By employing a truncated high-frequency token vocabulary in the draft model, Eagle speculative decoding reduces `lm_head` computational overhead while accelerating the pipeline without quality degradation. For more details, checkout [the paper](https://arxiv.org/pdf/arXiv:2502.14856).

In our implementation, set `--speculative-token-map` to enable the optimization. You can get the high-frequency token in FR-Spec from [this model](https://huggingface.co/thunlp/LLaMA3-Instruct-8B-FR-Spec). Or you can obtain high-frequency token by directly downloading these token from [this repo](https://github.com/thunlp/FR-Spec/tree/main?tab=readme-ov-file#prepare-fr-spec-vocabulary-subset).

Thanks for the contribution from [Weilin Zhao](https://github.com/Achazwl) and [Zhousx](https://github.com/Zhou-sx). 

In [8]:
server_process, port = launch_server_cmd(
    """
python3 -m sglang.launch_server --model meta-llama/Meta-Llama-3-8B-Instruct --speculative-algorithm EAGLE \
    --speculative-draft-model-path lmsys/sglang-EAGLE-LLaMA3-Instruct-8B --speculative-num-steps 5 \
    --speculative-eagle-topk 8 --speculative-num-draft-tokens 64 --speculative-token-map thunlp/LLaMA3-Instruct-8B-FR-Spec/freq_32768.pt \
    --mem-fraction 0.7 --cuda-graph-max-bs 2 --dtype float16  --log-level warning
"""
)

wait_for_server(f"http://localhost:{port}")

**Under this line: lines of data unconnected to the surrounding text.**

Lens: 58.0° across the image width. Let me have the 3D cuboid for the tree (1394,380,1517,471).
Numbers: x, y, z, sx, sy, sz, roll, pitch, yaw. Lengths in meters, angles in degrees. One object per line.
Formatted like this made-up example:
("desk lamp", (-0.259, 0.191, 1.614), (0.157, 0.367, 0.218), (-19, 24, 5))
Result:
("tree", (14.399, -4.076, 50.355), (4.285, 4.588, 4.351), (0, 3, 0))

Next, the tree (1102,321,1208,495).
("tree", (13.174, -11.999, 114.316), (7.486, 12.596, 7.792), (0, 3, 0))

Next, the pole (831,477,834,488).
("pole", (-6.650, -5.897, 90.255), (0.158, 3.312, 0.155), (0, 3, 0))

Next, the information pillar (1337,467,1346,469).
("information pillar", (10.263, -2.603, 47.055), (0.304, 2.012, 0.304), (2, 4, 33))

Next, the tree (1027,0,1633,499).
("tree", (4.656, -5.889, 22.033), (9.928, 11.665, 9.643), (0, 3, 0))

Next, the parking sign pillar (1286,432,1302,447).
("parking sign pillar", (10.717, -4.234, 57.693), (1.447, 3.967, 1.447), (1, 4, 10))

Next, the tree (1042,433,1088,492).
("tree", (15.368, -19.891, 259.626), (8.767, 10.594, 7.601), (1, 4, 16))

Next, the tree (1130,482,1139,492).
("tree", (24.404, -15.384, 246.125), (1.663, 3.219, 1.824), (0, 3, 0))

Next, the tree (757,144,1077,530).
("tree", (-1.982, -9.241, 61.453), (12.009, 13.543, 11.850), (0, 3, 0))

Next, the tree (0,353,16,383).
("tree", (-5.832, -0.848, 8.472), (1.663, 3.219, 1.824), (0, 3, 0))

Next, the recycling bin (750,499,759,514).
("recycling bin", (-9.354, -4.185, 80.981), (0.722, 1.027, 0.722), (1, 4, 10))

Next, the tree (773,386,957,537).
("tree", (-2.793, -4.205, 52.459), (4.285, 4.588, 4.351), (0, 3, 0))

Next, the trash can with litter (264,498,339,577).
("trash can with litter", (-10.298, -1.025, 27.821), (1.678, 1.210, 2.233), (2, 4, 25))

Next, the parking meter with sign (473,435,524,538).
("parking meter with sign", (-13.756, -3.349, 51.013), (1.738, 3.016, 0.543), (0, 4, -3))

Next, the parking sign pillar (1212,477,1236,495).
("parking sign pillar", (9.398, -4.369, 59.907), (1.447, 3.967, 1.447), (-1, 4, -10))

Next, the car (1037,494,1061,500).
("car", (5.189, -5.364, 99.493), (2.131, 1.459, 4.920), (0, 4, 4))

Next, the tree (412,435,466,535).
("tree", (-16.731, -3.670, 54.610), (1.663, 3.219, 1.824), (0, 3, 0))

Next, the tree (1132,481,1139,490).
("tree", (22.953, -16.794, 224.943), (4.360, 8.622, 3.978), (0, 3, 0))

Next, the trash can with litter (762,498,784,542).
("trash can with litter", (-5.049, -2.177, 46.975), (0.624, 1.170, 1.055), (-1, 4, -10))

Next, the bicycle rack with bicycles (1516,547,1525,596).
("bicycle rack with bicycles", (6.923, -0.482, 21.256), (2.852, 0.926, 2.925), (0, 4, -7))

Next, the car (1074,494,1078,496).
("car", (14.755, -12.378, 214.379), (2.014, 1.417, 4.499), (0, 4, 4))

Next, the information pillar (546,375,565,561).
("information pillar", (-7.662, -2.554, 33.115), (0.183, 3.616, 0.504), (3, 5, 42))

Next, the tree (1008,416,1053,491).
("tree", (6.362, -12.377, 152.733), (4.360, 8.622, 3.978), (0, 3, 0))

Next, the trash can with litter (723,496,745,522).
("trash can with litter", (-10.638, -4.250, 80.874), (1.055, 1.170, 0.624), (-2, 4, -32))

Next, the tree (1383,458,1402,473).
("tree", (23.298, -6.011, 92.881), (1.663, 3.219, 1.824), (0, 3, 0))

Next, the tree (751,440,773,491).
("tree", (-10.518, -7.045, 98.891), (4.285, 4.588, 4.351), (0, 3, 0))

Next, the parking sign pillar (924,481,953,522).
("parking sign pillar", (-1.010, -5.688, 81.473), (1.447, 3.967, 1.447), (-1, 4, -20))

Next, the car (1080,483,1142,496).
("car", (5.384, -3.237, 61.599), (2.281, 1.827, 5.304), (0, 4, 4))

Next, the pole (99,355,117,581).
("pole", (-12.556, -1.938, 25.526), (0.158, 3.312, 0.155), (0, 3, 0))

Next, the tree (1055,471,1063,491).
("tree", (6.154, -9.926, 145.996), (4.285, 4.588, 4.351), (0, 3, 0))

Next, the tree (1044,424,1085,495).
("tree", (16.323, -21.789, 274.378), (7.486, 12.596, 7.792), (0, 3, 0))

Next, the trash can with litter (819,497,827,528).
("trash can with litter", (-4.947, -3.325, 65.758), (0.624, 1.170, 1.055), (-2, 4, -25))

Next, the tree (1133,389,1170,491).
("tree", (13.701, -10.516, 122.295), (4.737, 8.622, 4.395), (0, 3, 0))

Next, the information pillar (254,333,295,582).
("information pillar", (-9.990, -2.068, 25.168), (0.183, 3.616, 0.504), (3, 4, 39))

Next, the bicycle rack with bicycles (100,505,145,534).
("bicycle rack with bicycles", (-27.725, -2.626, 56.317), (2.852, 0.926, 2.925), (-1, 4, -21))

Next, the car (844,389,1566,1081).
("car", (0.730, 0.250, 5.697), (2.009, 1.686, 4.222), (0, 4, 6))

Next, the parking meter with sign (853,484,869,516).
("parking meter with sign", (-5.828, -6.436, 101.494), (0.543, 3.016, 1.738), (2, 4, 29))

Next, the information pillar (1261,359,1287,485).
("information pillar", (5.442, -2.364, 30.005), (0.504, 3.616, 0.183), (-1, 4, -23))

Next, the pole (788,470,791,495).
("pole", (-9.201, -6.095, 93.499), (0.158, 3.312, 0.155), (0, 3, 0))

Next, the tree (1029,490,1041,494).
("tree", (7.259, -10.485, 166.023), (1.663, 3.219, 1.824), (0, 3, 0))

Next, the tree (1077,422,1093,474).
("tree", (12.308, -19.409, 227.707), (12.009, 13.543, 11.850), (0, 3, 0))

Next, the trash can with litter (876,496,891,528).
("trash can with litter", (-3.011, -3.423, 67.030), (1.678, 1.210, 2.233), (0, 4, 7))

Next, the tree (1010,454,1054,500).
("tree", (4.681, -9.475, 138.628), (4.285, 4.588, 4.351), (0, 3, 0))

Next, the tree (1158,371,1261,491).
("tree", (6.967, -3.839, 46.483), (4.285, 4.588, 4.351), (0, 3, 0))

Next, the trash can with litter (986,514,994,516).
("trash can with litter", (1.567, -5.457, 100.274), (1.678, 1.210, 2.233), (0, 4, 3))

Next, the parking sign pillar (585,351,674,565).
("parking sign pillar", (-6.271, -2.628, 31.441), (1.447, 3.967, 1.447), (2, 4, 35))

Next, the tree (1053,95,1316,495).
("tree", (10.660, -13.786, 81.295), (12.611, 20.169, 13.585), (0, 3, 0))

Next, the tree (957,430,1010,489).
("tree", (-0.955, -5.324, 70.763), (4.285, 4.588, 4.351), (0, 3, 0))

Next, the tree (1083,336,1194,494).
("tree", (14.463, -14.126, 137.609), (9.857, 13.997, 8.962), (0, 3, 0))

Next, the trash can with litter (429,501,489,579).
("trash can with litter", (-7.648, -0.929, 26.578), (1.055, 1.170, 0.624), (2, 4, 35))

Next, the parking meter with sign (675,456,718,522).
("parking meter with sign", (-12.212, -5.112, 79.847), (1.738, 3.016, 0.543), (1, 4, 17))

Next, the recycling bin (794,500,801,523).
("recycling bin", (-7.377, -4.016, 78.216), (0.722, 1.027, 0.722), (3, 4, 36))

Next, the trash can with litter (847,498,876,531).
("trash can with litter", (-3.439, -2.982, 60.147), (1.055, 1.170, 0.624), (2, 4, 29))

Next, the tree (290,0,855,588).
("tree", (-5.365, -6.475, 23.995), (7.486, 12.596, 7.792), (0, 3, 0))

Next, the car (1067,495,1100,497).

[2025-12-12 11:46:06] INFO utils.py:148: Note: detected 112 virtual cores but NumExpr set to maximum of 64, check "NUMEXPR_MAX_THREADS" environment variable.
[2025-12-12 11:46:06] INFO utils.py:151: Note: NumExpr detected 112 cores but "NUMEXPR_MAX_THREADS" not set, so enforcing safe limit of 16.
[2025-12-12 11:46:06] INFO utils.py:164: NumExpr defaulting to 16 threads.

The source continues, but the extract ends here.